Simulation of force-directed algorithm iterations
Vis.js provides implementations of force-directed layout algorithms that are executed by the browser in JavaScript. The algorithm iterations can be visually displayed to the user, as you can see in the image above. However, running these complex algorithms in a JavaScript front-end makes the application really slow and could even crash the browser.
For that reason, I used a Python back-end to handle the computation of the graph layout. Then, the computed positions of each node need to be passed to the vis.js graph in the form of x and y coordinates.
I’m using igraph which is one of the most efficient graph libraries and provides many different graph layout algorithms. It is a library written in C with a Python interface that is pretty straightforward to install as a Python package.
Combining Multiple Layout Algorithms
Igraph implements two interesting force-directed graph algorithms: Kamada-Kawai and Fruchterman-Reingold. While the first one is very fast but gives bad drawing on big graphs, the second one is slower but outputs much better layouts. This is why I used a combination of both to get the best of the two algorithms. The Kamada-Kawai algorithm first generates a fast initial layout and then the Fruchterman-Reingold algorithm improves it to get a finer layout.
kamada_kawai_positions = iGraph.layout_kamada_kawai()
final_positions = iGraph.layout_fruchterman_reingold(seed=kamada_kawai_positions)
Combining the two layout algorithms of igraph in Python
Graph Customization and Clustering
In a graph, there can be groups of nodes that are quite similar — they belong to the same cluster. Some nodes can be more important than others if they connect to more nodes or are more central, for example. Edges can connect nodes with different intensities.
Graph without customization
I wanted to display all of this information using different colors, sizes, and widths. The more important a node is, the bigger it is; nodes of the same color are in the same clusters; thicker edges represent stronger connections.

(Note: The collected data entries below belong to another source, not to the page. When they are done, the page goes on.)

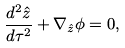Convert formula to latex. <formula><loc_0><loc_0><loc_500><loc_500>\frac { d ^ { 2 } \hat { z } } { d \tau ^ { 2 } } + \nabla _ { \hat { z } } \phi = 0 ,</formula> 
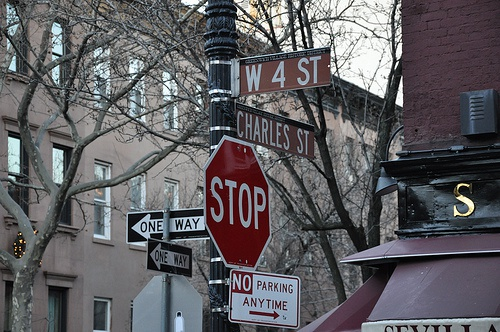Describe the objects in this image and their specific colors. I can see a stop sign in gray, maroon, and darkgray tones in this image. 
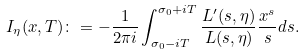Convert formula to latex. <formula><loc_0><loc_0><loc_500><loc_500>I _ { \eta } ( x , T ) \colon = - \frac { 1 } { 2 \pi i } \int _ { \sigma _ { 0 } - i T } ^ { \sigma _ { 0 } + i T } \frac { L ^ { \prime } ( s , \eta ) } { L ( s , \eta ) } \frac { x ^ { s } } { s } d s .</formula> 
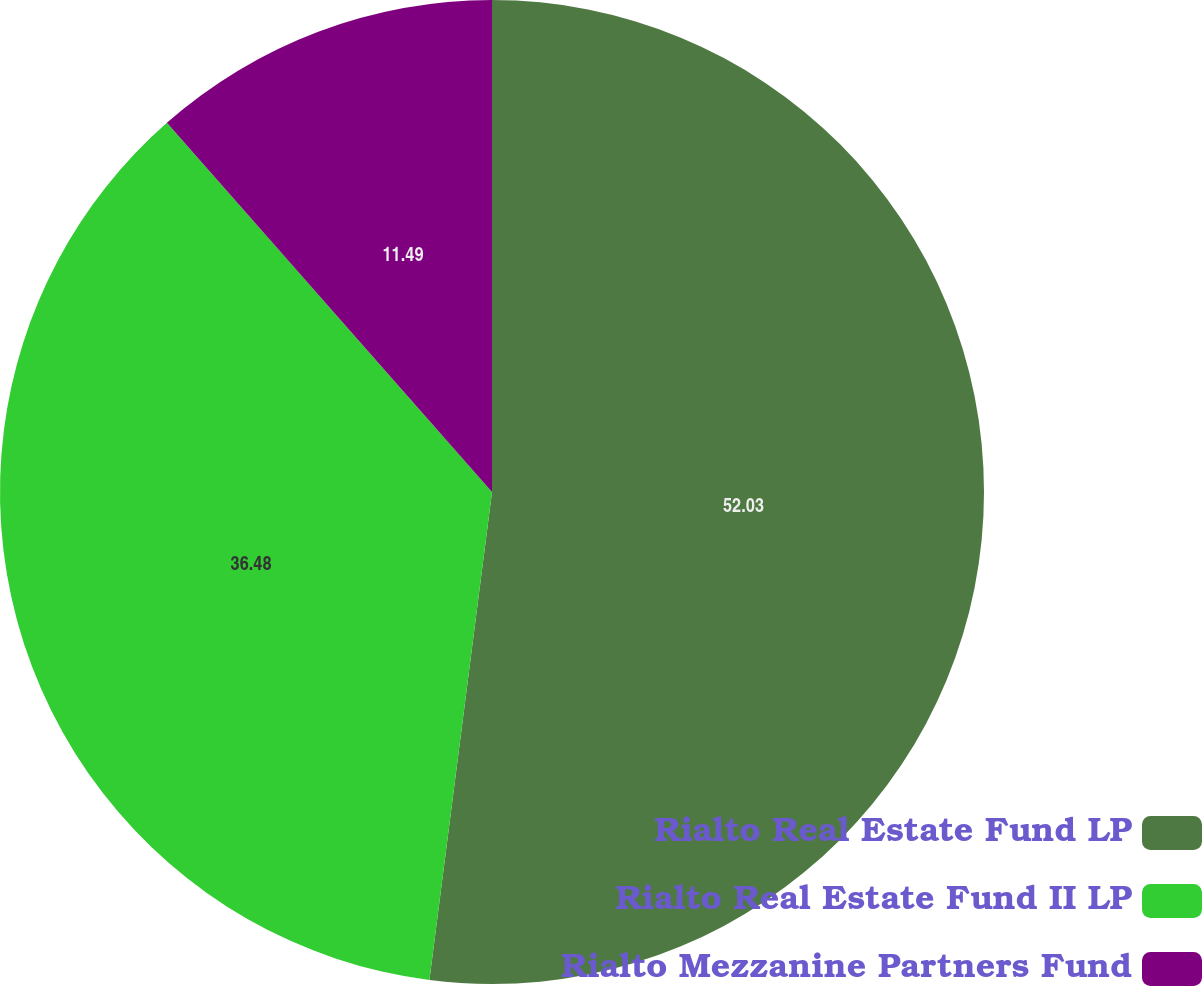Convert chart. <chart><loc_0><loc_0><loc_500><loc_500><pie_chart><fcel>Rialto Real Estate Fund LP<fcel>Rialto Real Estate Fund II LP<fcel>Rialto Mezzanine Partners Fund<nl><fcel>52.03%<fcel>36.48%<fcel>11.49%<nl></chart> 
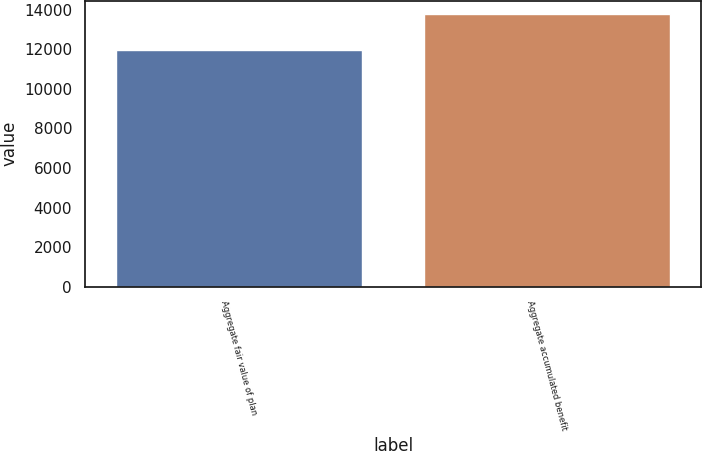Convert chart. <chart><loc_0><loc_0><loc_500><loc_500><bar_chart><fcel>Aggregate fair value of plan<fcel>Aggregate accumulated benefit<nl><fcel>11979<fcel>13755<nl></chart> 
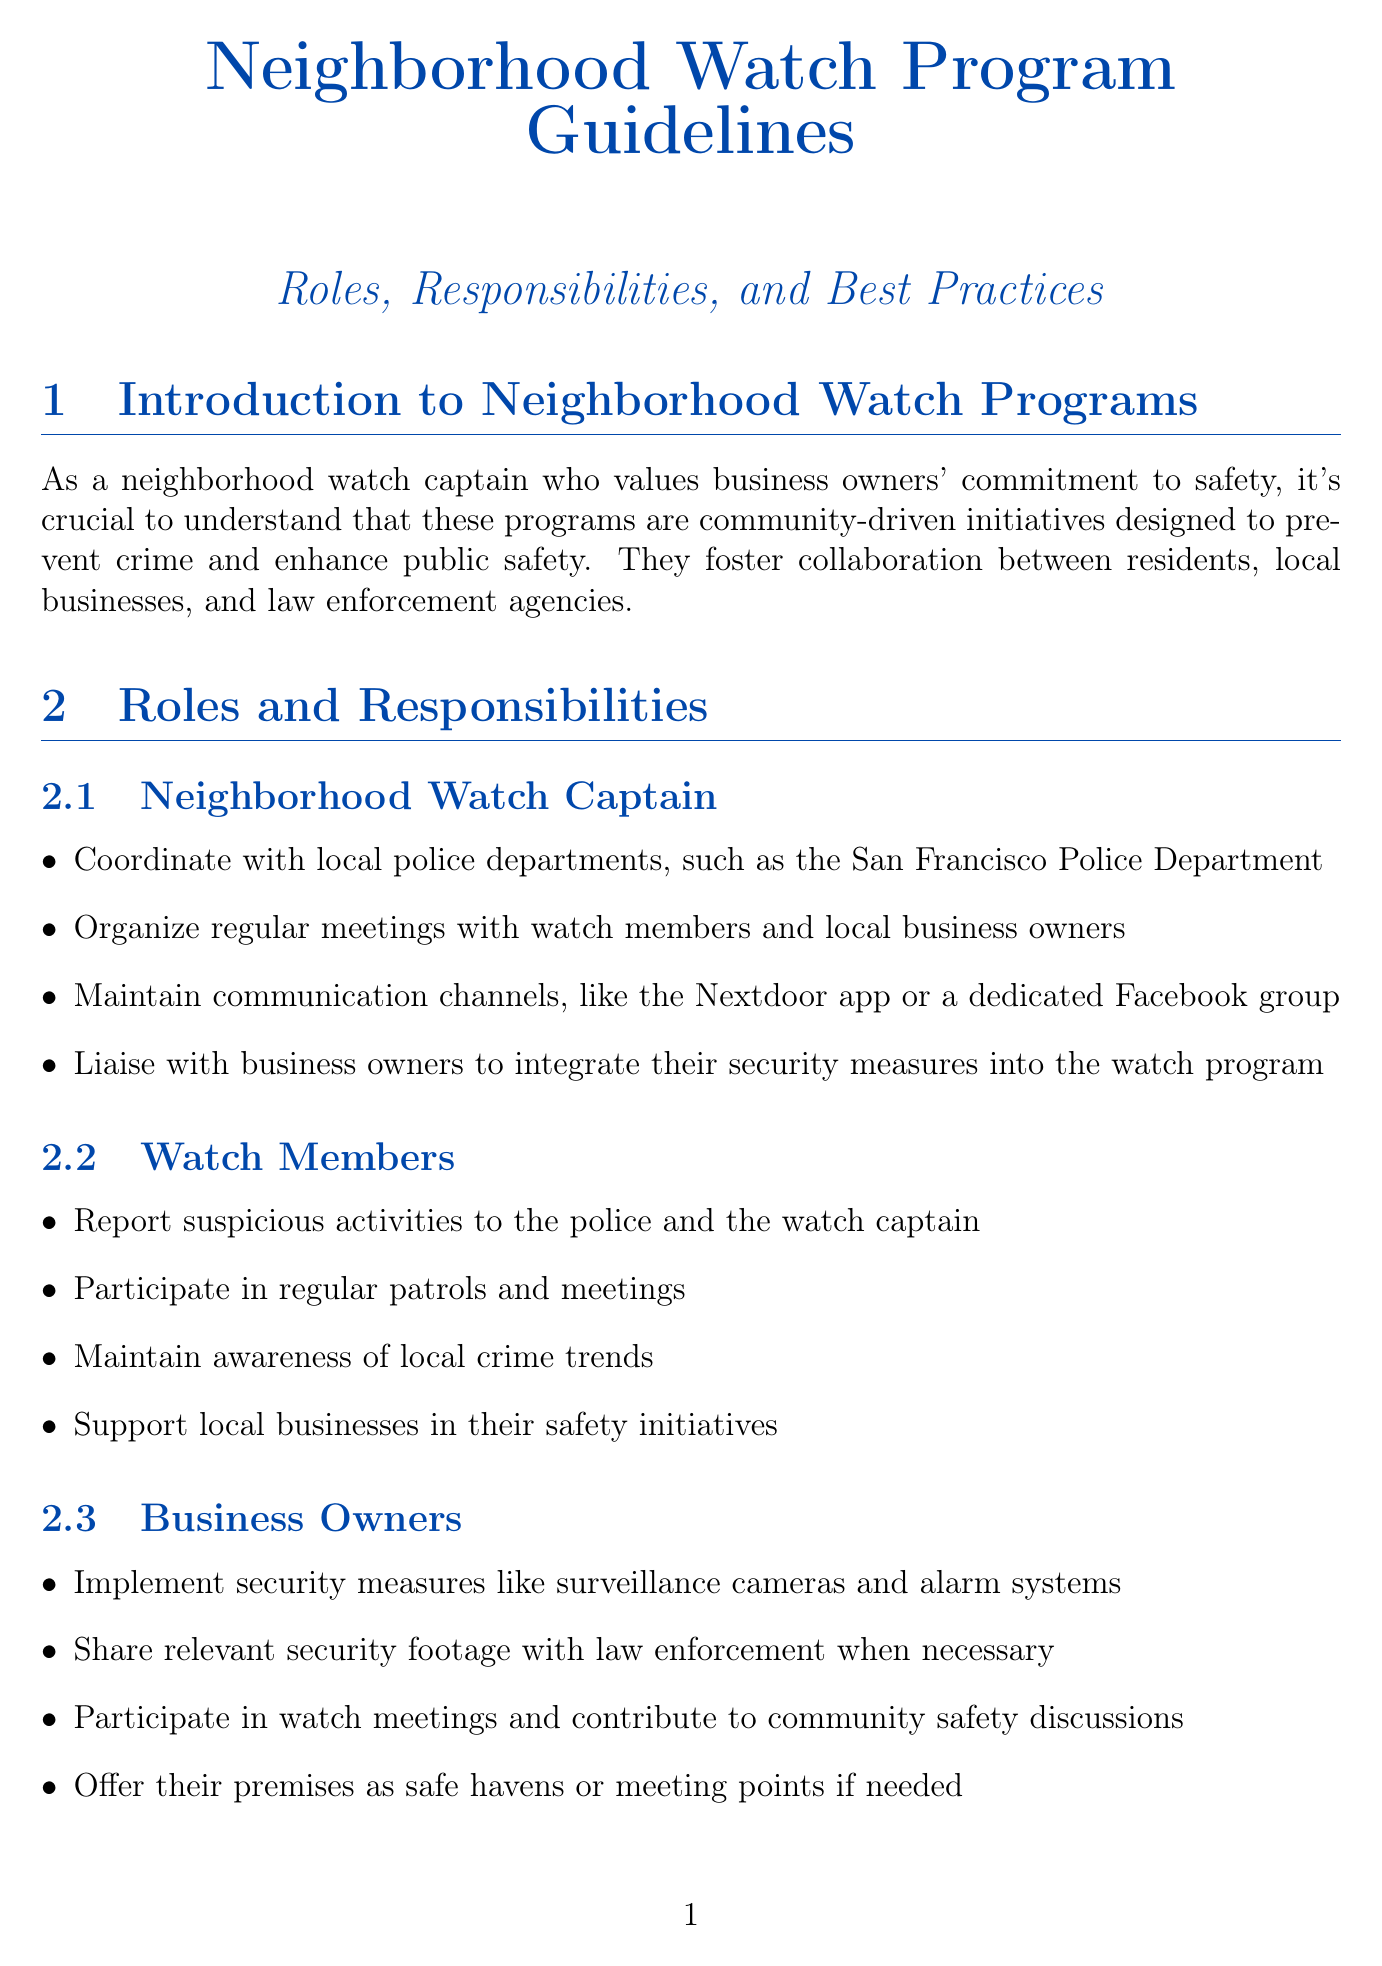What is the primary purpose of Neighborhood Watch Programs? The primary purpose is to prevent crime and enhance public safety through collaboration between residents, businesses, and law enforcement.
Answer: prevent crime and enhance public safety Who coordinates with local police departments? The Neighborhood Watch Captain is responsible for coordinating with local police departments.
Answer: Neighborhood Watch Captain What security measures should business owners implement? Business owners are advised to implement security measures like surveillance cameras and alarm systems.
Answer: surveillance cameras and alarm systems What is one recommended best practice for communication? Establishing clear communication protocols using tools like WhatsApp or Signal is recommended.
Answer: WhatsApp or Signal What type of training is organized with the American Red Cross? CPR and first aid training is conducted with the American Red Cross.
Answer: CPR and first aid training How should suspicious activities be reported? Suspicious activities should be reported to the police and the watch captain.
Answer: to the police and the watch captain What is a method to measure the program's success? Tracking crime statistics before and after program implementation is a method to measure success.
Answer: track crime statistics What type of program could be created within the neighborhood watch for business owners? A business watch subcommittee can be created within the neighborhood watch for business owners.
Answer: business watch subcommittee

In order to do that, I ran some graph clustering algorithms (e.g., the Walktrap algorithm that identifies clusters in large graphs by simulating random walks) and used their output to set the node colors. Similarly, some node importance graph algorithms (e.g., the page rank ranks nodes based on the quality and number of their neighbors) can be used to set the node sizes. I can also set the edges' width based on their weight in the graph.
Graph with customization
In vis.js, each node is represented as a dictionary of attributes with a unique ID and each edge as a dictionary containing the IDs of its source and target nodes as well as some additional attributes.

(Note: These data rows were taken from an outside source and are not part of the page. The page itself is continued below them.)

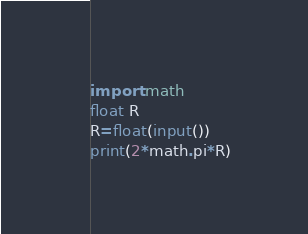Convert code to text. <code><loc_0><loc_0><loc_500><loc_500><_Python_>import math
float R
R=float(input())
print(2*math.pi*R)</code> 
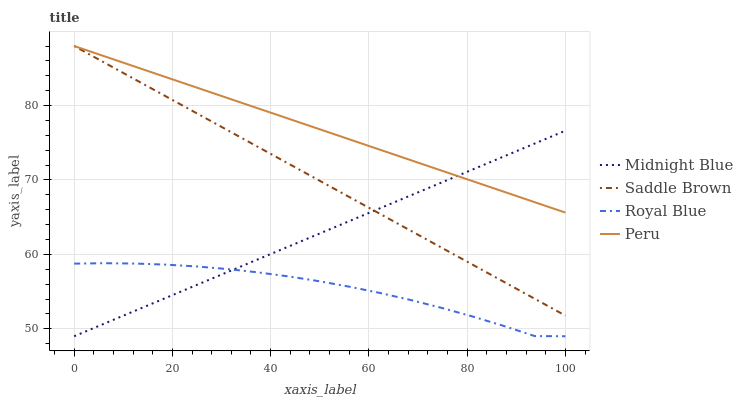Does Royal Blue have the minimum area under the curve?
Answer yes or no. Yes. Does Peru have the maximum area under the curve?
Answer yes or no. Yes. Does Midnight Blue have the minimum area under the curve?
Answer yes or no. No. Does Midnight Blue have the maximum area under the curve?
Answer yes or no. No. Is Saddle Brown the smoothest?
Answer yes or no. Yes. Is Royal Blue the roughest?
Answer yes or no. Yes. Is Midnight Blue the smoothest?
Answer yes or no. No. Is Midnight Blue the roughest?
Answer yes or no. No. Does Royal Blue have the lowest value?
Answer yes or no. Yes. Does Peru have the lowest value?
Answer yes or no. No. Does Saddle Brown have the highest value?
Answer yes or no. Yes. Does Midnight Blue have the highest value?
Answer yes or no. No. Is Royal Blue less than Saddle Brown?
Answer yes or no. Yes. Is Peru greater than Royal Blue?
Answer yes or no. Yes. Does Midnight Blue intersect Saddle Brown?
Answer yes or no. Yes. Is Midnight Blue less than Saddle Brown?
Answer yes or no. No. Is Midnight Blue greater than Saddle Brown?
Answer yes or no. No. Does Royal Blue intersect Saddle Brown?
Answer yes or no. No.

node = {id: "Tyrion-Lannister, label: "Tyrion-Lannister", group: 3, value: 0.018}
edge = {from: "Cersei-Lannister", to: "Tyrion-Lannister", value: 209}
Example of expected data by vis.js
In the example above, nodes belong to specific groups (e.g., the output of a graph clustering algorithm) and have different values (e.g., page rank). I need to map each group to a specific color in the vis.js graph. To transform the values attribute into sizes, I also needed to choose a scale in vis.js that map values between 0 and 1 and then fix a minimum and maximum node size.
Final Graph
Finally, the complete graph of Game of Thrones character interactions looks like this:
Complete graph of around 800 characters
I can zoom in the graph to see the nodes labels and understand who the central characters are and who makes up the different clusters. In the example below, we see that the red cluster is centered around Daenerys, one of the main characters, and contains her friends, family and servants.
Zoom on the red cluster
Conclusion
I really enjoyed developing this tool for Dataiku, knowing that our users will now be able to visualize their datasets as graphs, simply by dragging and dropping some columns based on the type of graph and customization they want. It is now available as a Dataiku plugin with both graph algorithms and visualization capabilities.